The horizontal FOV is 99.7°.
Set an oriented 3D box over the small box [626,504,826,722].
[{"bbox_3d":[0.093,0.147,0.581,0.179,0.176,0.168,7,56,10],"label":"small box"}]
* * *
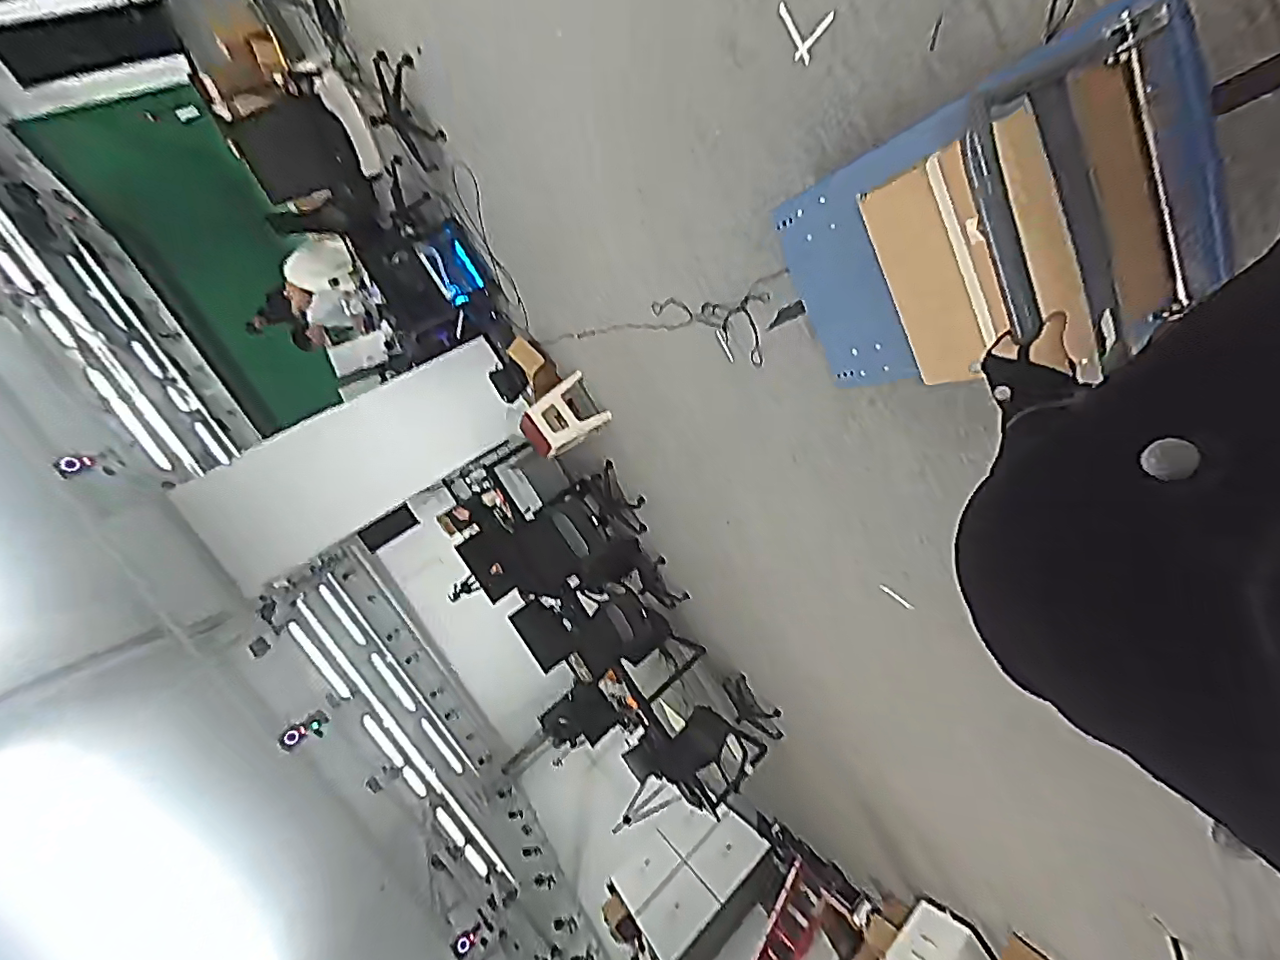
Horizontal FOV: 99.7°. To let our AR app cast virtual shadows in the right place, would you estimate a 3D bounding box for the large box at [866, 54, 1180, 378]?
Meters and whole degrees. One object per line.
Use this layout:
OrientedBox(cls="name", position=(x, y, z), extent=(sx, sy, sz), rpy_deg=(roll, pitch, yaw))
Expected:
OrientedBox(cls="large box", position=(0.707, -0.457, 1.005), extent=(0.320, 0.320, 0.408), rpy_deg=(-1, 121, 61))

• TASK REQUIREMENTS
The lines above, starting at the one with "Meters and whole" and ending at the one with "rpy_deg=(roll, pitch, yaw))", are the only ones to return, exactly as written.

• EXERCISE RESULT
Meters and whole degrees. One object per line.
Use this layout:
OrientedBox(cls="name", position=(x, y, z), extent=(sx, sy, sz), rpy_deg=(roll, pitch, yaw))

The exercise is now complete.